Five of us were out to lunch after the painting session when Nancy Robbins called to see if anyone wanted to go with her on a hike to see the Indian Arch Rock at sunset in Yosemite. I wasn't sure hiking the 3 miles back out at night was in me but I'd never been there. Fortunately I had my day pack, head lamp, and hiking shoes in my car.  After getting the affirmative from my painting pals that such a hike was a bit crazy I decided I'm just crazy enough to enjoy this.

So I met Nancy at Wawona and she drove us all the way to Porcupine Flat by way of the Tioga road.  It was one of those spur of the moment adventures that makes life exciting.  Nancy is an accomplished photographer and I know I'm going to get some great picks when I go hiking with her.

Of course keeping up with her is another matter altogether.  Even with her bad wrist, shoulder, and a heavy pack full of camera gear she leaves me winded trying to keep up.

It was a bit of a race with the sun to try and get there with the moon just rising and good light.  Nancy was already at the Indian Arch when I stopped for a breather and looked back in surprise to see Half Dome glowing across the valley.

With the sun quickly setting I had to pick up my pace if  I was going to see the arch by sunset. As you can see from these shots It was well worth it.  The light was changing fast and I don't know where the colorful clouds came from but I was one happy hiker to see them. I was up the back side of the Arch just in time to catch these amazing sunset clouds.
After climbing up on a huge boulder I was able to get this shot of a Ponderosa pine framed by the arch.

I didn't want to leave but it was getting dark and the hill down was quite slippery with small gravel acting like ball bearings on hard granite.

It was a long walk back with our head lamps on but we took it nice and leisurely.  It was a hike I hope to do again.

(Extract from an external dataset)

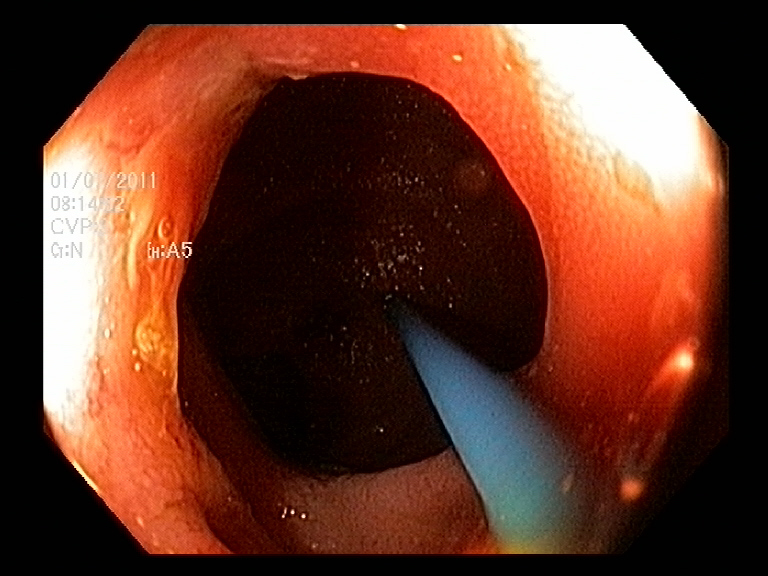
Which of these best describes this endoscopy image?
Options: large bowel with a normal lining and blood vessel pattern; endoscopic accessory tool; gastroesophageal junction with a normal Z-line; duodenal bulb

I'm lucky to have such wonderful inspiring friends.

Sunday, July 31, 2011

Ophelia

Ophelia, now there is a name or subject that has been the muse for many an artist. Last Friday we had one of our local Ophelia's pose for us again. A beautiful woman who once toured with the Beachboys as a hula dancer.

I have to admit to being quite self conscious about rendering her breasts with her husband in the room. When I'm studying form no matter what it is I tend to feel it in my mind. Paint a rock or an apple and you become very aware of the texture and shape.

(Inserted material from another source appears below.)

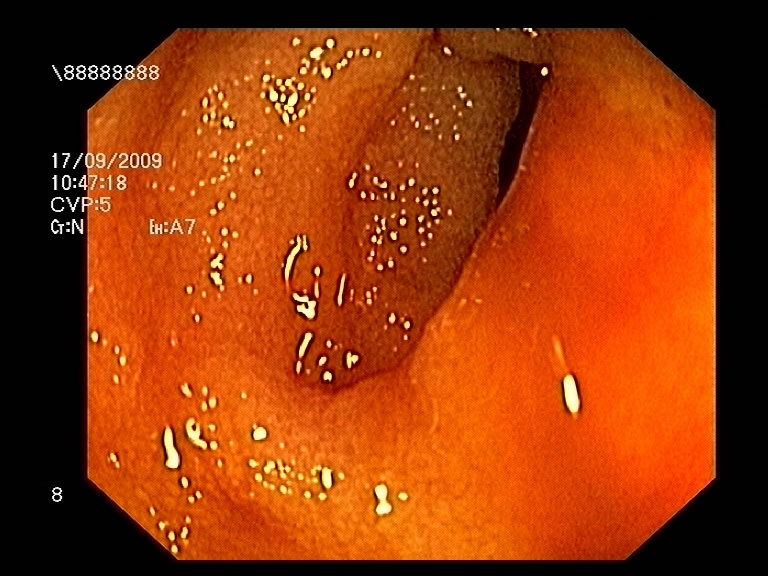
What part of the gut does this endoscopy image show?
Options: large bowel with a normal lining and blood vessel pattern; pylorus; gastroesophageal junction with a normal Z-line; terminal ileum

Some of the women in the group pointed out that the male born artists were all focusing on the model's breasts. Which only points out that they were quite aware of them as well. So why not paint them?  Is it because the breasts that fed us a babies have become associated with sex appeal in our culture?

 Maybe men will like this portrait and women will find it as objectifying women as sex objects. Are such portraits to be avoided?

Here's a portrait of the same model from last year. Now I could have just focused on the face on that one as well yet the gown was interesting. Same model radically different looks. Not what you'd call sexy. The top one is the type of image you might see in advertising selling and expensive liquor. Not something you'd associate with fine art.

In art history Ophelia from Shakespeare's Hamlet was a favorite subject of the realists. My favorite of the many renditions was this one by John Everett Millais. I had the pleasure of see this amazing painting may years back at the Tate museum in London. It was absolutely mind boggling.